TMEM5-associated dystroglycanopathy presenting with CMD and mild limb-girdle muscle involvement

Abstract

The dystroglycanopathies, which are caused by reduced glycosylation of alpha-dystroglycan, are a heterogeneous group of neurodegenerative disorders characterized by variable brain and skeletal muscle involvement. Recently, mutations in TMEM5 have been described in severe dystroglycanopathies. We present the clinical, molecular and neuroimaging features of an Italian boy who had delayed developmental milestones with mild limb-girdle muscle involvement, bilateral frontotemporal polymicrogyria, moderate intellectual disability, and no cerebellar involvement.
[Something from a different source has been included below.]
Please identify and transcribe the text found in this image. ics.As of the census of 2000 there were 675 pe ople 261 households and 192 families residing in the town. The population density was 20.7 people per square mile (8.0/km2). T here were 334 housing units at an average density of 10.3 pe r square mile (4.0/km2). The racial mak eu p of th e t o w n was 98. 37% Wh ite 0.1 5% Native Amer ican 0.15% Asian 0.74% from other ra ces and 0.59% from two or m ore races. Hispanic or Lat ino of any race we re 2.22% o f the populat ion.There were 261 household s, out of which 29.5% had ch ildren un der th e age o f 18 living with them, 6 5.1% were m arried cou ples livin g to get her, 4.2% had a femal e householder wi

He also presented a cochlear dysplasia and harbored a reported mutation (p.A47Rfs*42) in TMEM5, detected using targeted next-generation sequencing. The relatively milder muscular phenotype and associated structural brain abnormalities distinguish this case from previously reported patients with severe dystroglycanopathies and expand the spectrum of TMEM5-associated disorders.
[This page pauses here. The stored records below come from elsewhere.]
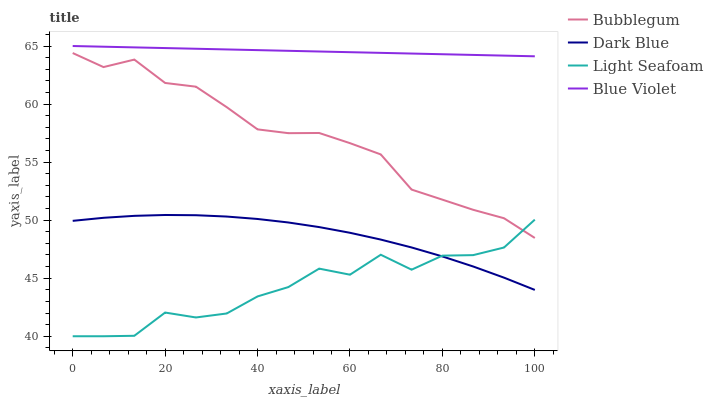Does Light Seafoam have the minimum area under the curve?
Answer yes or no. Yes. Does Blue Violet have the maximum area under the curve?
Answer yes or no. Yes. Does Blue Violet have the minimum area under the curve?
Answer yes or no. No. Does Light Seafoam have the maximum area under the curve?
Answer yes or no. No. Is Blue Violet the smoothest?
Answer yes or no. Yes. Is Light Seafoam the roughest?
Answer yes or no. Yes. Is Light Seafoam the smoothest?
Answer yes or no. No. Is Blue Violet the roughest?
Answer yes or no. No. Does Blue Violet have the lowest value?
Answer yes or no. No. Does Light Seafoam have the highest value?
Answer yes or no. No. Is Dark Blue less than Blue Violet?
Answer yes or no. Yes. Is Blue Violet greater than Bubblegum?
Answer yes or no. Yes. Does Dark Blue intersect Blue Violet?
Answer yes or no. No.

Keywords: Cochlear dysplasia; Congenital muscular dystrophy; Limb-girdle muscle weakness; Polymicrogyria; TMEM5.

Fig. 1

Brain MRI in a patient with CMD carrying a mutation in TMEM5. (A–C) Coronal, axial and sagittal FSE T₂-weighted images showing bilateral frontotemporal polymicrogyria (white arrow). (D, E) Axial FLAIR and (F) coronal FSE T2-weighted images revealing patchy, confluent frontoparietal white matter hyperintensities, bilaterally distributed (white arrow). In F as well as in G (axial T2-weighted image) cerebellar anomalies are evident. The latter include abnormal orientation of the cerebellar folia, an irregular gray matter-white matter junction (black arrows) and multiple small subcortical cysts in both cerebellar hemispheres (white arrow heads). In G the cleft in the ventral pons (note the black arrow head) and an enlarged and dysmorphic fourth ventricle (star) are also evident. (H) Sagittal T1-weighted image demonstrating hypoplasia of the pons (white arrow) and a mildly enlarged tectum (white arrow head). (I) Reconstruction of MIP 3D FIESTA image showing bilateral cochlear dysplasia, with fusion of the middle and apical cochlear turns, suggestive of Mondini-type deformity (white arrow). R, right; L, left.